[Data records]
+++

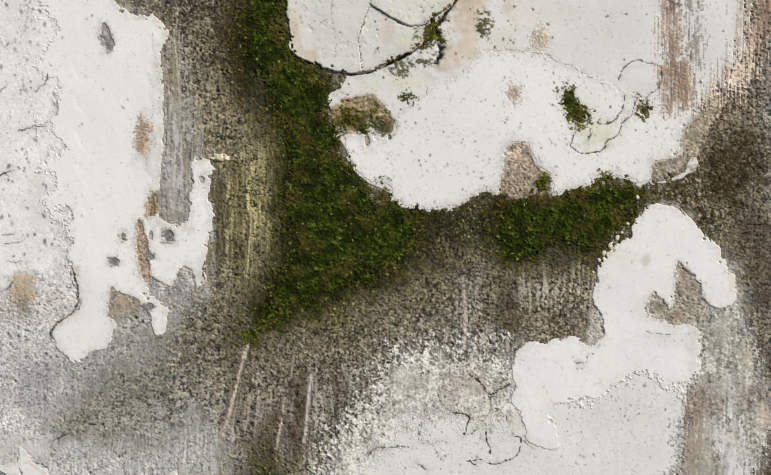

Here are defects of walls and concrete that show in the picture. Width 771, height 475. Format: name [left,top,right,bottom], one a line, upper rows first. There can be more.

peeling [0,0,230,364]
damp [33,0,611,475]
crack [341,0,457,76]
crack [435,374,528,465]
peeling [303,195,771,475]
peeling [327,0,754,213]
damp [613,1,771,398]
damp [752,428,771,475]
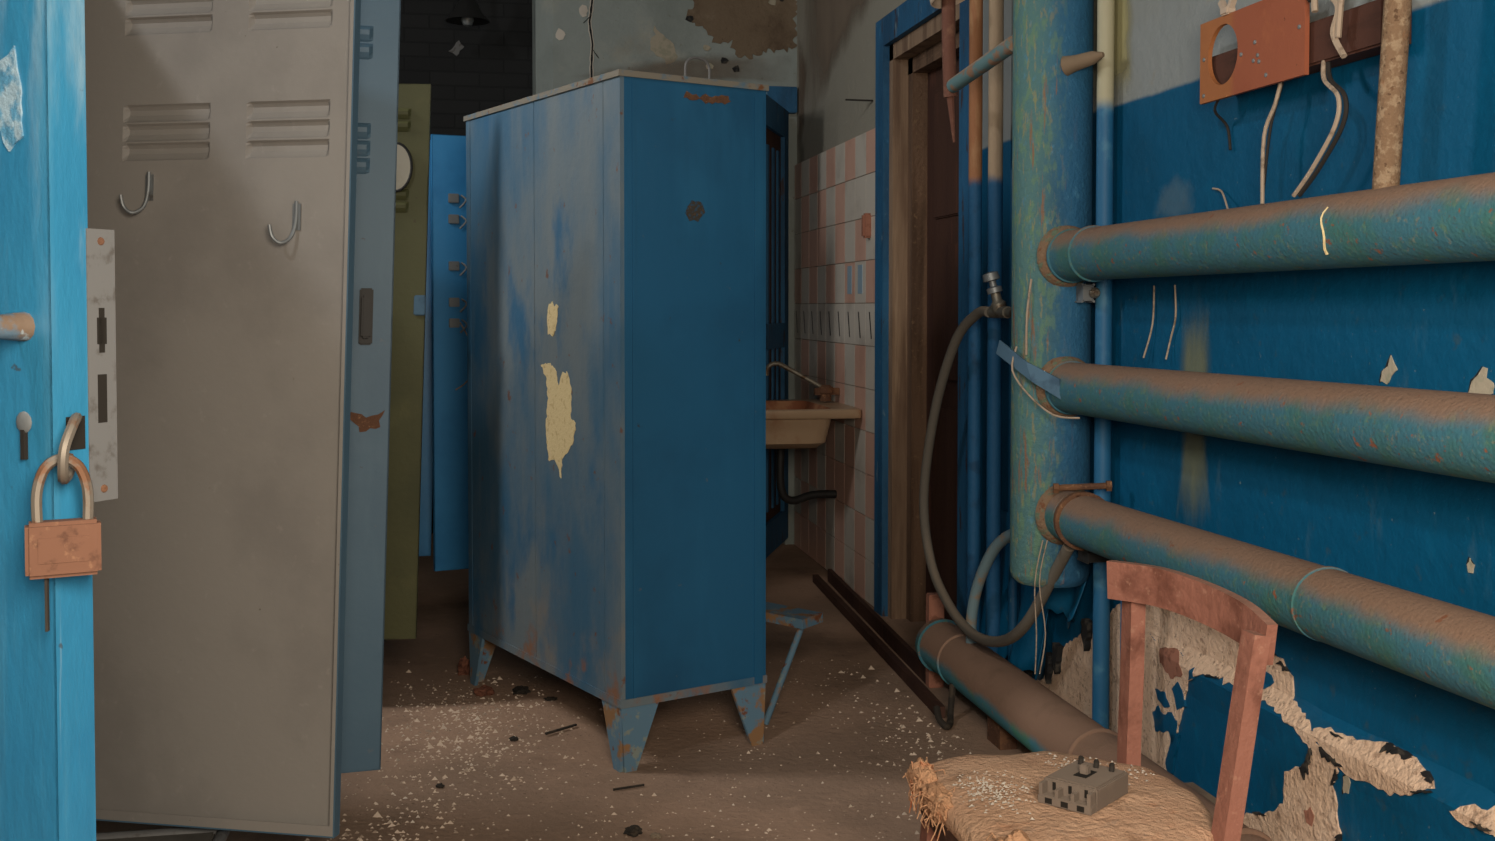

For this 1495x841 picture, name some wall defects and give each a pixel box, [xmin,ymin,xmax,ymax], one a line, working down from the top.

flaking render [685,0,797,72]
peeling [1379,354,1398,384]
peeling [1468,366,1494,394]
flaking render [1141,605,1239,774]
flaking render [1243,653,1435,841]
flaking render [1449,804,1495,837]
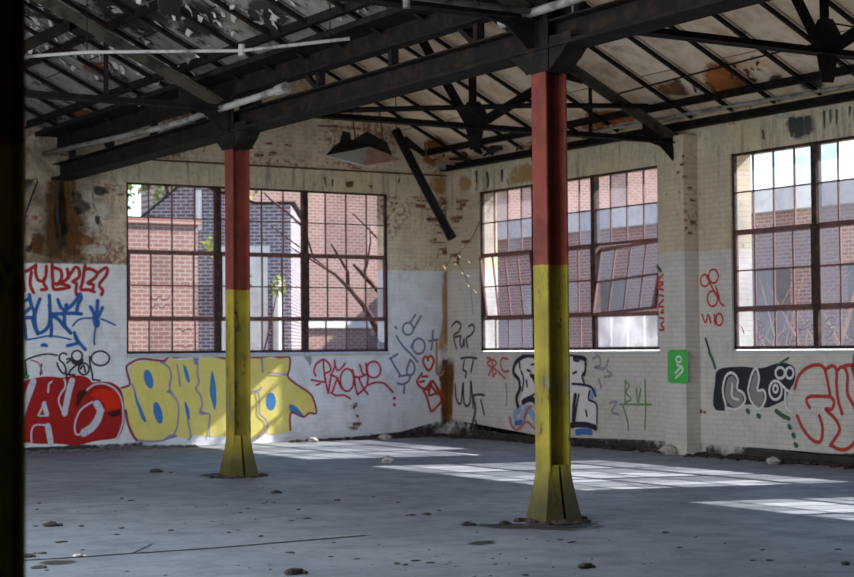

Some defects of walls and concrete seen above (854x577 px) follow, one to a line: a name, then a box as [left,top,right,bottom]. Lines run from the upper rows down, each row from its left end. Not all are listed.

peeling [25,0,54,36]
peeling [59,42,125,89]
corrosion [702,64,746,91]
corrosion [31,177,89,262]
peeling [80,190,111,255]
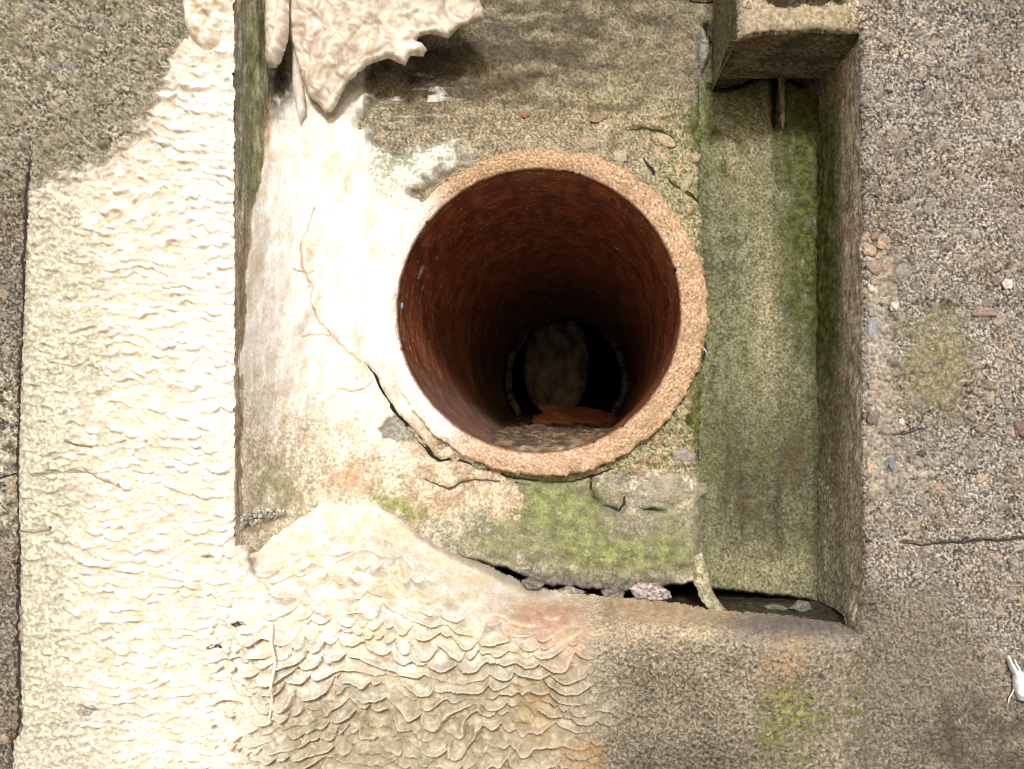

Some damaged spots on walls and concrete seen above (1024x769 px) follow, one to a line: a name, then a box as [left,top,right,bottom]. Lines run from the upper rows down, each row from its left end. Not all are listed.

crack [293,207,663,512]
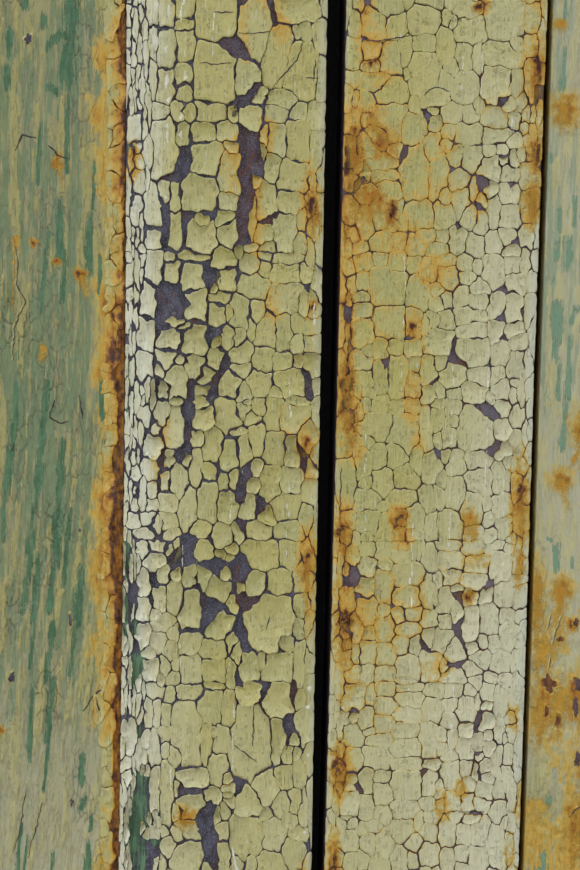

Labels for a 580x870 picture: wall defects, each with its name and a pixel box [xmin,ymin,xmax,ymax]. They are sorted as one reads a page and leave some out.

corrosion [343,117,398,243]
peeling [140,82,277,468]
peeling [273,353,321,418]
crack [119,0,562,870]
corrosion [338,327,358,452]
peeling [136,458,277,653]
corrosion [514,550,525,589]
corrosion [532,575,576,669]
crack [83,689,101,717]
peeling [226,657,312,766]
corrosion [530,679,580,745]
peeling [170,769,231,870]
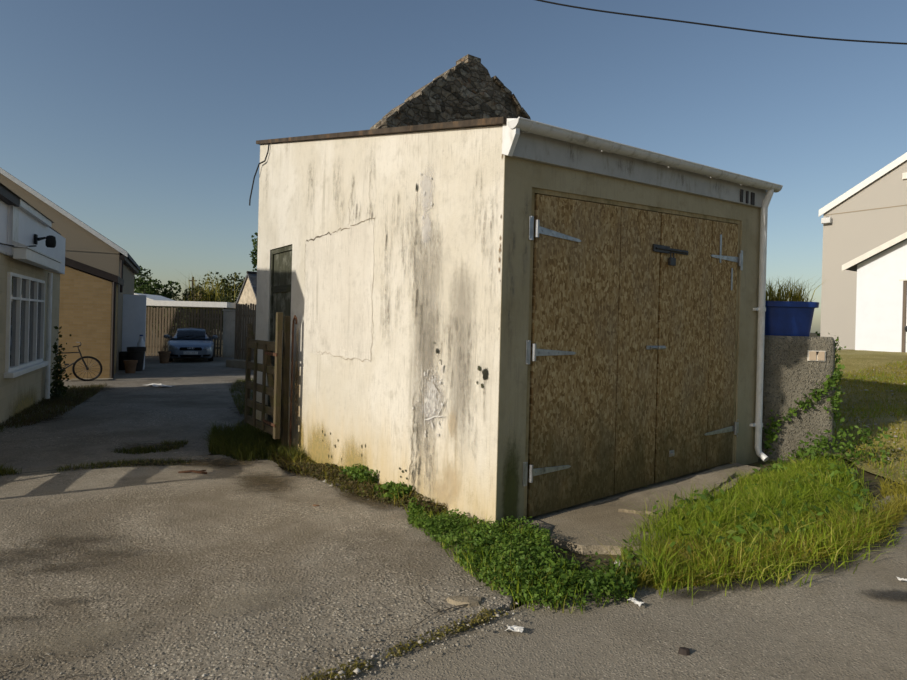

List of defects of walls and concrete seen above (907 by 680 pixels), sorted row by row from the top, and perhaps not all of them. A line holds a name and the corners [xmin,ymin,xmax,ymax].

crack [305,170,375,247]
peeling [412,361,446,437]
water stain [308,433,331,464]
water stain [345,449,365,475]
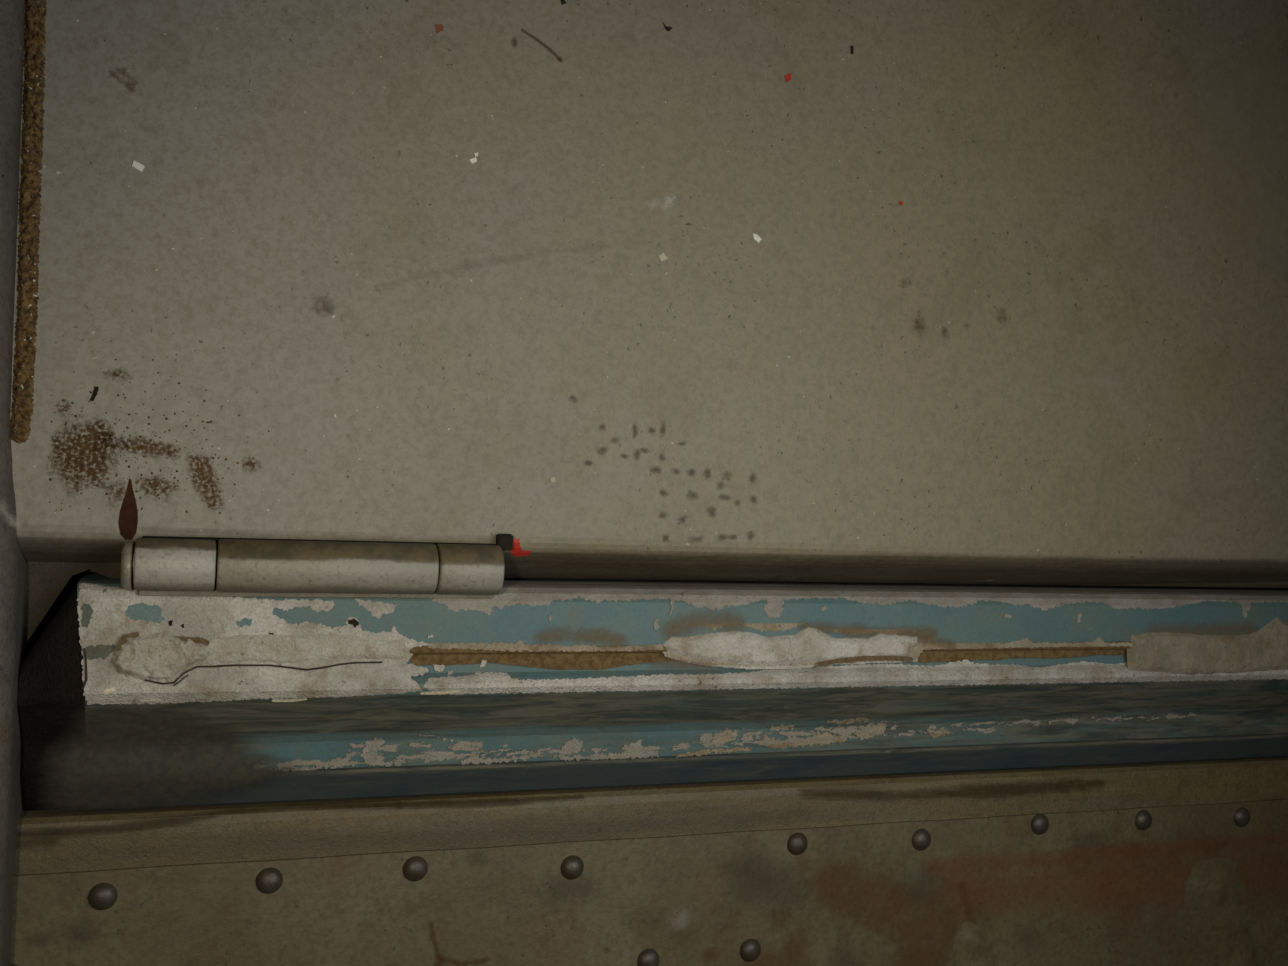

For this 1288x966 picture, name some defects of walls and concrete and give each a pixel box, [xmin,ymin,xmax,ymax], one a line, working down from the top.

rust [10,0,47,444]
rust [48,359,257,514]
crack [82,632,139,689]
crack [145,636,382,686]
peeling [77,581,1288,705]
peeling [260,711,1205,772]

+++

**EXERCISE PROMPT**
Transcribe every entry word for word, but omit the pictures.

**SOLVED PROBLEM**
Here are defects of walls and concrete that show in the picture. Width 771, height 475. Format: name [left,top,right,bottom], one a line, upper rows first. There can be more.

peeling [0,0,230,364]
damp [33,0,611,475]
crack [341,0,457,76]
crack [435,374,528,465]
peeling [303,195,771,475]
peeling [327,0,754,213]
damp [613,1,771,398]
damp [752,428,771,475]

For this 1495x841 picture, name some wall defects and give each a pixel box, [xmin,ymin,xmax,ymax], one a line, working down from the top.

flaking render [685,0,797,72]
peeling [1379,354,1398,384]
peeling [1468,366,1494,394]
flaking render [1141,605,1239,774]
flaking render [1243,653,1435,841]
flaking render [1449,804,1495,837]

Some defects of walls and concrete seen above (854x577 px) follow, one to a line: a name, then a box as [left,top,right,bottom]. Lines run from the upper rows down, each row from its left end. Not all are listed.

peeling [25,0,54,36]
peeling [59,42,125,89]
corrosion [702,64,746,91]
corrosion [31,177,89,262]
peeling [80,190,111,255]

Some damaged spots on walls and concrete seen above (1024x769 px) follow, one to a line: a name, then a box as [left,top,right,bottom]. Lines run from the upper rows down, each row from its left end. Not all are listed.

crack [293,207,663,512]

Labels for a 580x870 picture: wall defects, each with its name and a pixel box [xmin,ymin,xmax,ymax]. They are sorted as one reads a page and leave some out.

corrosion [343,117,398,243]
peeling [140,82,277,468]
peeling [273,353,321,418]
crack [119,0,562,870]
corrosion [338,327,358,452]
peeling [136,458,277,653]
corrosion [514,550,525,589]
corrosion [532,575,576,669]
crack [83,689,101,717]
peeling [226,657,312,766]
corrosion [530,679,580,745]
peeling [170,769,231,870]

List of defects of walls and concrete seen above (907 by 680 pixels), sorted row by row from the top, and perhaps not all of them. A line holds a name and the corners [xmin,ymin,xmax,ymax].

crack [305,170,375,247]
peeling [412,361,446,437]
water stain [308,433,331,464]
water stain [345,449,365,475]

For this 1288x966 picture, name some defects of walls and concrete and give each a pixel box, [xmin,ymin,xmax,ymax], one a line, working down from the top.

rust [10,0,47,444]
rust [48,359,257,514]
crack [82,632,139,689]
crack [145,636,382,686]
peeling [77,581,1288,705]
peeling [260,711,1205,772]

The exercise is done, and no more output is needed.